In multi-agent large language model systems, communication often induces spurious correlations and false consensus, rendering confidence estimates based on voting agreement unreliable. To address this, this work proposes the CAGE-CAL framework, which introduces a counterfactual graph comparison mechanism—constructing and contrasting agent dependency graphs under conditions with and without communication—to explicitly model pairwise and group-level dependencies. This enables topology-aware confidence calibration beyond simple vote counting. By distinguishing genuine consensus from communication-induced agreement, the method significantly enhances reliability discrimination across five benchmarks, achieves competitive Expected Calibration Error (ECE), and improves the selection of effective communication topologies.

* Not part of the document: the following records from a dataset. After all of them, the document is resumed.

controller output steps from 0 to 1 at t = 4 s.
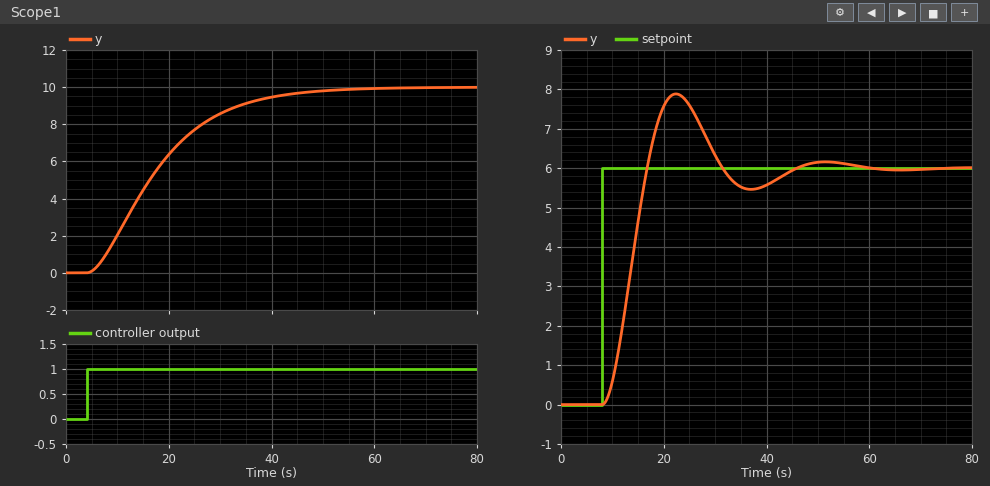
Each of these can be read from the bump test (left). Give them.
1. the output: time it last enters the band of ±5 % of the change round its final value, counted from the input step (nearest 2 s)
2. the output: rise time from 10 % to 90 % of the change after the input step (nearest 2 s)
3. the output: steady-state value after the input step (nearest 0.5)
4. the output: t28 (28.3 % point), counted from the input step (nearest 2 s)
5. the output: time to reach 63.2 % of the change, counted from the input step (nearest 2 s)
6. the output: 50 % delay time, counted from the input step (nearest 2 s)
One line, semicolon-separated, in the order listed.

36 s; 26 s; 10.0; 8 s; 16 s; 12 s
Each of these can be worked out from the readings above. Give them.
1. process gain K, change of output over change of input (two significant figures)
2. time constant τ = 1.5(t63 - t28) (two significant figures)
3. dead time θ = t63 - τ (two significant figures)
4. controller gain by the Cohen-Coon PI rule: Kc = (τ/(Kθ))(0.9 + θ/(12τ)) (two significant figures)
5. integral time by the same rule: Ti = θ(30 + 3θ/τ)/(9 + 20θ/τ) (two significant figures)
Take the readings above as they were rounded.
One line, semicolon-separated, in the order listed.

10; 12 s; 4.0 s; 0.28; 7.9 s
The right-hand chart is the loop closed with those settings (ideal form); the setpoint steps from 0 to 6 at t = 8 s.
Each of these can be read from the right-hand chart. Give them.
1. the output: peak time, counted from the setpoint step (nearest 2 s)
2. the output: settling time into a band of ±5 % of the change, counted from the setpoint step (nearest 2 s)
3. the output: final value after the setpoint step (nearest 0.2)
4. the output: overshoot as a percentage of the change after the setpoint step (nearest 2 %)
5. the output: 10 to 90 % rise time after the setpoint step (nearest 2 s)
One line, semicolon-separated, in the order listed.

14 s; 34 s; 6.0; 32 %; 6 s
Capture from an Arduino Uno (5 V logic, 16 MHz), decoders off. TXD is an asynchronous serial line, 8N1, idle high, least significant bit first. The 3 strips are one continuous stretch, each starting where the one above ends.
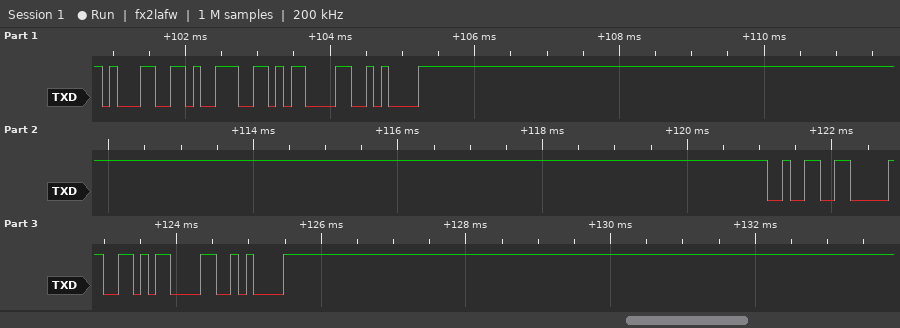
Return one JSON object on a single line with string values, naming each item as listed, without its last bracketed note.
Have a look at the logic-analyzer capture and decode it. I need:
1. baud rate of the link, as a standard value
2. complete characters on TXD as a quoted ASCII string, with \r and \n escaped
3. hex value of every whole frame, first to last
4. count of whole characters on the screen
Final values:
{"baud rate of the link, as a standard value": "9600 baud", "complete characters on TXD as a quoted ASCII string, with \\r and \\n escaped": "\"19\\r\\n20\\r\\n\"", "hex value of every whole frame, first to last": "0x31 0x39 0x0D 0x0A 0x32 0x30 0x0D 0x0A", "count of whole characters on the screen": "8"}
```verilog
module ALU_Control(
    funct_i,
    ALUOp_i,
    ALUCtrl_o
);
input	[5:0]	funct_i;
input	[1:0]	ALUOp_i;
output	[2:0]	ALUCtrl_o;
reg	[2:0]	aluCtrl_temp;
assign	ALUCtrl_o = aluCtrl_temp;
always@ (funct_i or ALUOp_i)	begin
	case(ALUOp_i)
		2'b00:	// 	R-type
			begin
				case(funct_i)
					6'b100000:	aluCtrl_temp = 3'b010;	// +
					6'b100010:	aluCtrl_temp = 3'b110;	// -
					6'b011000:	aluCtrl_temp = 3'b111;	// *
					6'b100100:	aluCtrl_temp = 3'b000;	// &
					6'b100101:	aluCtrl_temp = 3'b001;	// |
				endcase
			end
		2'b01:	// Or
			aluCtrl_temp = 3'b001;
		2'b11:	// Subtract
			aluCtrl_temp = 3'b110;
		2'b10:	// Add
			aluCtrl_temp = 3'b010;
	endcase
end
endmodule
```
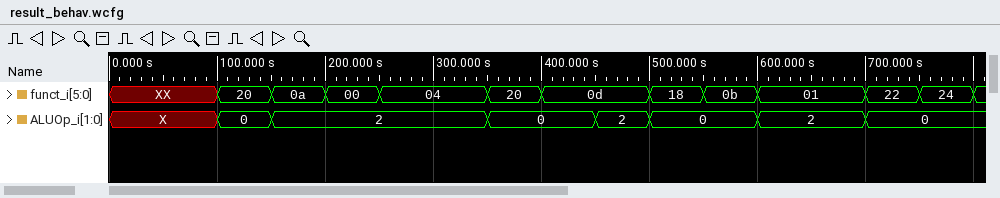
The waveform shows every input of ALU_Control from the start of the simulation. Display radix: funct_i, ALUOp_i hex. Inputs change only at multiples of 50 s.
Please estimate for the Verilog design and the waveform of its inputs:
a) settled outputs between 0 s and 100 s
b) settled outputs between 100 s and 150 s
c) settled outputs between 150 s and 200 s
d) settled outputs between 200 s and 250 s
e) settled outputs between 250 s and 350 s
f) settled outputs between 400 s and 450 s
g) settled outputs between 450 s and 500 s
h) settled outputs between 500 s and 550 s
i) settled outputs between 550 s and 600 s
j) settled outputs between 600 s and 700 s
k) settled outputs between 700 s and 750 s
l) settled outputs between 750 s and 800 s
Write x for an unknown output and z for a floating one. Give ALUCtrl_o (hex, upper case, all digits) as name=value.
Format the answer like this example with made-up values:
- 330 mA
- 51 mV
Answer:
- ALUCtrl_o=x
- ALUCtrl_o=2
- ALUCtrl_o=2
- ALUCtrl_o=2
- ALUCtrl_o=2
- ALUCtrl_o=2
- ALUCtrl_o=2
- ALUCtrl_o=7
- ALUCtrl_o=7
- ALUCtrl_o=2
- ALUCtrl_o=6
- ALUCtrl_o=0
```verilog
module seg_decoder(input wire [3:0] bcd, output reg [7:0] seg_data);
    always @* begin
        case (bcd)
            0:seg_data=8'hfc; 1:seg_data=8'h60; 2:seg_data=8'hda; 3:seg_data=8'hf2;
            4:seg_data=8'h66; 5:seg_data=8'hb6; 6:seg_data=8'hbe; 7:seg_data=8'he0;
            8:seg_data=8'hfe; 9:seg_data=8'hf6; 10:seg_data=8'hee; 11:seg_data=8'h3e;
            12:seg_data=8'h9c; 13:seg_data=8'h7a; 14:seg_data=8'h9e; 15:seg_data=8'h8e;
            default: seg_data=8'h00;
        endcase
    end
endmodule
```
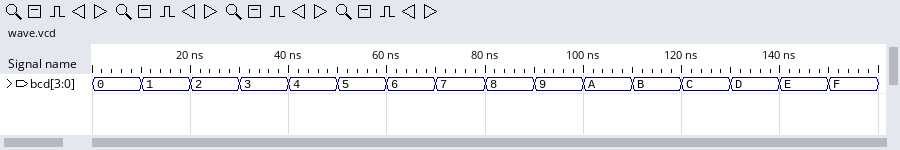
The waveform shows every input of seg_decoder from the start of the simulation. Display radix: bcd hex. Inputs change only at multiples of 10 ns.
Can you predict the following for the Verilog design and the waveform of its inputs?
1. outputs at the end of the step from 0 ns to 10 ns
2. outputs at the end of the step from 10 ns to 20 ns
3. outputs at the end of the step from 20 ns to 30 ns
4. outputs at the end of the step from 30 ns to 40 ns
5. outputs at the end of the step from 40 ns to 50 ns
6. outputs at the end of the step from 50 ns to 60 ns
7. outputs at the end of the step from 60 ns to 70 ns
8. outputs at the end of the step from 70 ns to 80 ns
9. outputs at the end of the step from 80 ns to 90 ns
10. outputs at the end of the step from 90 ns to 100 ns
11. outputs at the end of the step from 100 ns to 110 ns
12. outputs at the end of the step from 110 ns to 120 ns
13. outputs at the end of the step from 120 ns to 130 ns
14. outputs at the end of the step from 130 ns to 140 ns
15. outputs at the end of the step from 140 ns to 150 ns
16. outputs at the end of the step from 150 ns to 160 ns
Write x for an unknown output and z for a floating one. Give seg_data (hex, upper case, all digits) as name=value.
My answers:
seg_data=FC
seg_data=60
seg_data=DA
seg_data=F2
seg_data=66
seg_data=B6
seg_data=BE
seg_data=E0
seg_data=FE
seg_data=F6
seg_data=EE
seg_data=3E
seg_data=9C
seg_data=7A
seg_data=9E
seg_data=8E
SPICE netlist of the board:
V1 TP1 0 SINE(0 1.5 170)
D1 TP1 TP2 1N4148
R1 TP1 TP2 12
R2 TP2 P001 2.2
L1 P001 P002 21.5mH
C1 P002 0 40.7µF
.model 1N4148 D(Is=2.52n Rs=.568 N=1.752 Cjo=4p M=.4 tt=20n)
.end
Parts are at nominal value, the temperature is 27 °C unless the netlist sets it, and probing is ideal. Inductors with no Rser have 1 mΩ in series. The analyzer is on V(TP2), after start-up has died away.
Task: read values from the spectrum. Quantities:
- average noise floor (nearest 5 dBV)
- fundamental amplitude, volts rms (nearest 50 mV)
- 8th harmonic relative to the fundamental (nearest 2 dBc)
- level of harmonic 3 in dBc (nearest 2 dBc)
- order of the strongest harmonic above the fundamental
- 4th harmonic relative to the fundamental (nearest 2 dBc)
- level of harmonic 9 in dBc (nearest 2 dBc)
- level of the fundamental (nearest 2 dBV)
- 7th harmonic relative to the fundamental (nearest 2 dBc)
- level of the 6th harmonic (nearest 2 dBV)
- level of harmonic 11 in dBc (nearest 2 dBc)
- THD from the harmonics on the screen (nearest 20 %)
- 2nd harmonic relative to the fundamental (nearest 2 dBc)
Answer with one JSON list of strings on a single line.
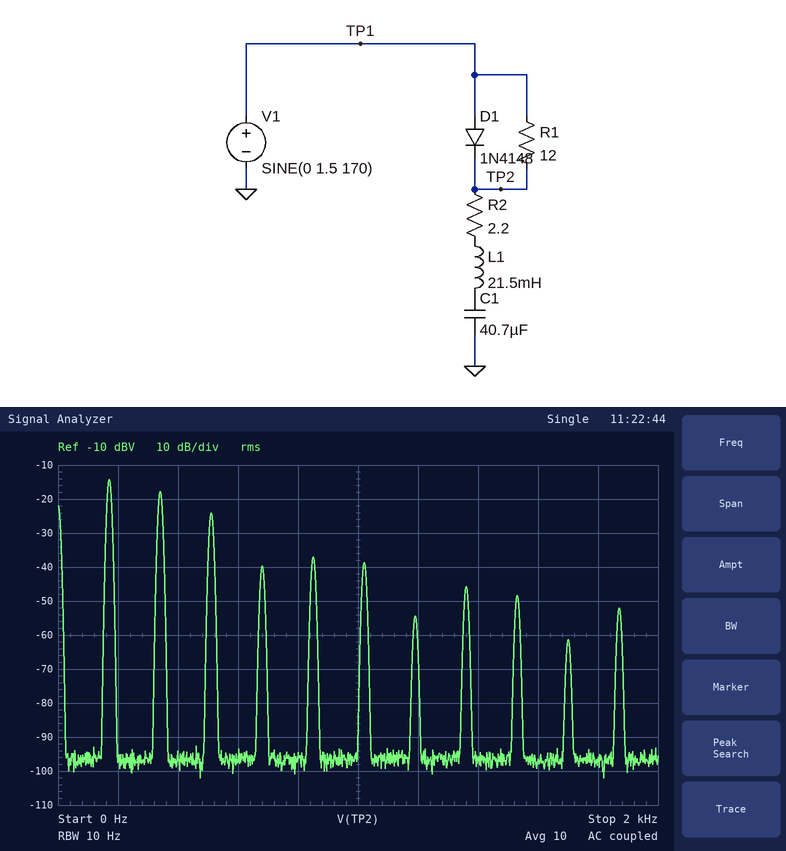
["-95 dBV", "200 mV", "-32 dBc", "-10 dBc", "2", "-26 dBc", "-34 dBc", "-14 dBV", "-40 dBc", "-38 dBV", "-38 dBc", "80 %", "-4 dBc"]
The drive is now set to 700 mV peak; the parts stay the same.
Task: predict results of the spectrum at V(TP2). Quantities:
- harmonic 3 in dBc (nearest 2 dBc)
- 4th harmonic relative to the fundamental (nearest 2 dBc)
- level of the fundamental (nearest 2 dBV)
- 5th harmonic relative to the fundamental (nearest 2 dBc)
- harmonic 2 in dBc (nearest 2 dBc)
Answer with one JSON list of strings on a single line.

["-36 dBc", "-38 dBc", "-22 dBV", "-42 dBc", "-34 dBc"]
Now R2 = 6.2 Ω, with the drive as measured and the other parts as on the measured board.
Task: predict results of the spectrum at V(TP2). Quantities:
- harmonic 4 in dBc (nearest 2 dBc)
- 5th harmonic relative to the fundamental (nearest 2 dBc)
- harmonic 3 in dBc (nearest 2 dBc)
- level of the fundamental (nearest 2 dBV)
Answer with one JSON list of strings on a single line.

["-28 dBc", "-46 dBc", "-20 dBc", "-8 dBV"]
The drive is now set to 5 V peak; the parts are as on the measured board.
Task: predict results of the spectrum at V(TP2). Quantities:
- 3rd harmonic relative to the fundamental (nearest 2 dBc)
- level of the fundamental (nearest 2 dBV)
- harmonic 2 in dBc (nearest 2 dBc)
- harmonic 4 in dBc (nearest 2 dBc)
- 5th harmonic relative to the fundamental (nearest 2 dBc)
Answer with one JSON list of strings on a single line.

["-16 dBc", "-2 dBV", "0 dBc", "-14 dBc", "-22 dBc"]
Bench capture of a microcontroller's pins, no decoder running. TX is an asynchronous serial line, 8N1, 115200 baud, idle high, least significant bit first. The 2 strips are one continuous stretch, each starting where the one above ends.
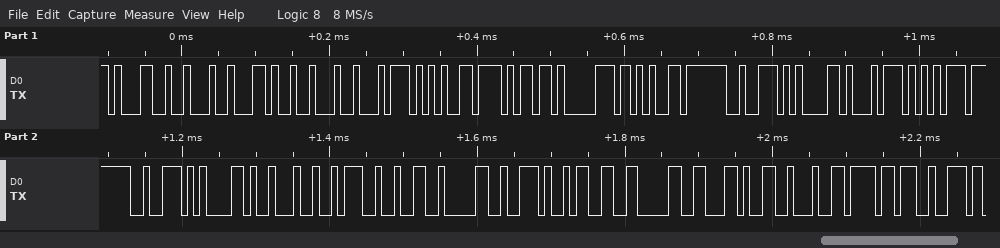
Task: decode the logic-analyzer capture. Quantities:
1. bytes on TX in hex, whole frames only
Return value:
31 22 2C 22 74 65 6D 70 65 72 61 74 75 72 61 22 3A 32 30 2E 33 30 2C 22 6F 72
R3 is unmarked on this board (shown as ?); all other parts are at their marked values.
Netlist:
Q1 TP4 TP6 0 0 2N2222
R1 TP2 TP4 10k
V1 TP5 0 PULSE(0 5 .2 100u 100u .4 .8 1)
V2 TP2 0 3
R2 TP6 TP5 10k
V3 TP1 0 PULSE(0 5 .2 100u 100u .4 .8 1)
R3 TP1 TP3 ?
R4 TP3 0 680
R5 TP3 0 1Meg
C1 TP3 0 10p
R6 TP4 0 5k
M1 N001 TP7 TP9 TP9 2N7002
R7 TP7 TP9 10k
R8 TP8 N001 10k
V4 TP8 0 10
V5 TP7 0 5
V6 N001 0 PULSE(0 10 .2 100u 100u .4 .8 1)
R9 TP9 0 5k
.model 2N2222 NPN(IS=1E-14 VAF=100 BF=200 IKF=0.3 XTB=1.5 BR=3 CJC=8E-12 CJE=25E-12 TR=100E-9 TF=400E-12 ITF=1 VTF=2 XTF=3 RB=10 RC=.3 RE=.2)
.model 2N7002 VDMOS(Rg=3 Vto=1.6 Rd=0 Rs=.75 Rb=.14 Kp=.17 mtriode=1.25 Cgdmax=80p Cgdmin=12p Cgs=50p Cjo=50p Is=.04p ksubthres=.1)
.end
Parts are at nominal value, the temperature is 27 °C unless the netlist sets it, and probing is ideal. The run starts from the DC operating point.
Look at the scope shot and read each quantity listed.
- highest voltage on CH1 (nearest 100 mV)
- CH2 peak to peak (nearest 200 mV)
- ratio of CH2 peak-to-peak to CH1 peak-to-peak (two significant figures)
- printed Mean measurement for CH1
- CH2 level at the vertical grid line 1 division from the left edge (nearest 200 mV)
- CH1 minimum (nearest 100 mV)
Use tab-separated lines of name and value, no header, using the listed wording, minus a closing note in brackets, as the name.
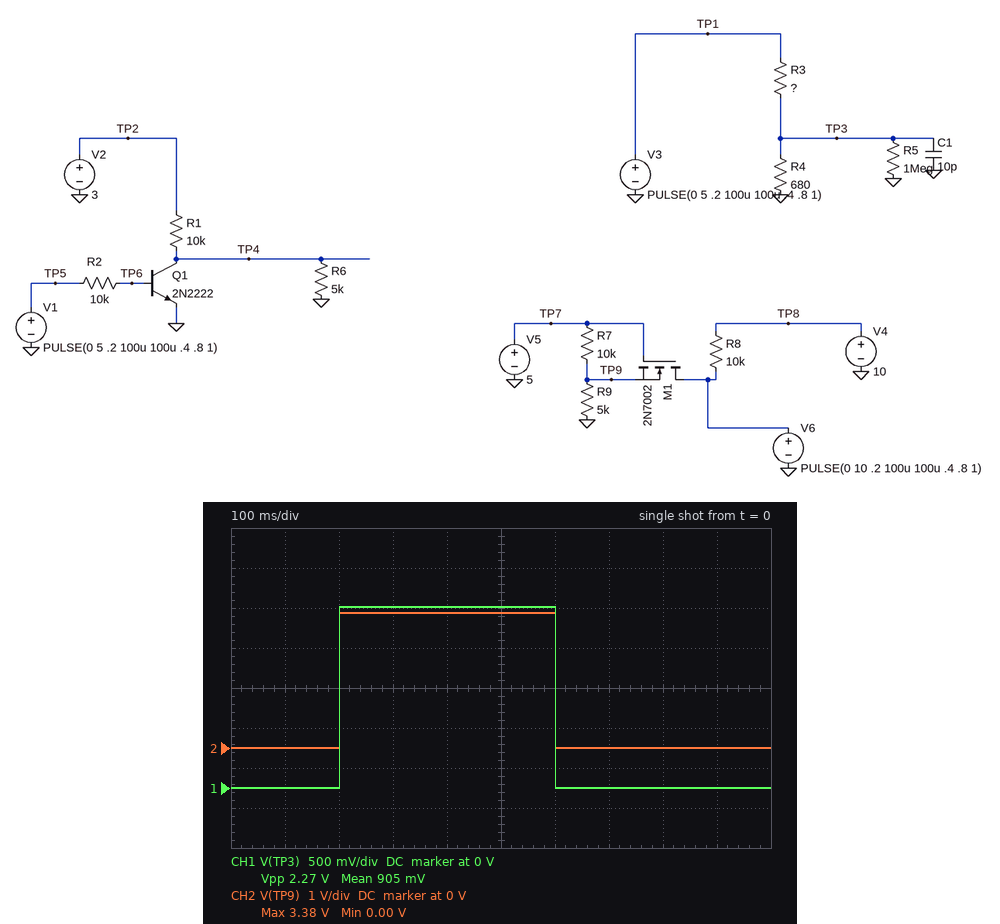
highest voltage on CH1	2.3 V
CH2 peak to peak	3.4 V
ratio of CH2 peak-to-peak to CH1 peak-to-peak	1.5
printed Mean measurement for CH1	905 mV
CH2 level at the vertical grid line 1 division from the left edge	0 V
CH1 minimum	0 V
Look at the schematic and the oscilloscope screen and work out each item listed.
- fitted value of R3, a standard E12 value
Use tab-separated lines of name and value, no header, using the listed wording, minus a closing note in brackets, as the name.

fitted value of R3, a standard E12 value	820 Ω

Multi-agent LLM systems often treat agreement as evidence: when many agents in a panel give the same answer, that answer is assumed to be more reliable. We show that this assumption can fail after agents communicate. Communication can induce correlated failures and false consensus, so the same vote share may reflect reliable agreement in one topology but over-confidence in another. We propose CAGE-CAL, a counterfactual agent-graph calibration framework for multi-agent LLMs. For each query, CAGE-CAL compares an observed post-communication agent graph with a matched counterfactual no-communication graph, capturing both pairwise failure correlations and group-level dependencies. Rather than simply counting how many agents agree, CAGE-CAL estimates the counterfactual shift between observed and no-communication dependence, and calibrates confidence accordingly. Across five benchmarks, CAGE-CAL improves reliability discrimination with competitive ECE, and its calibrated confidence further improves topology selection over the best fixed-topology strategy.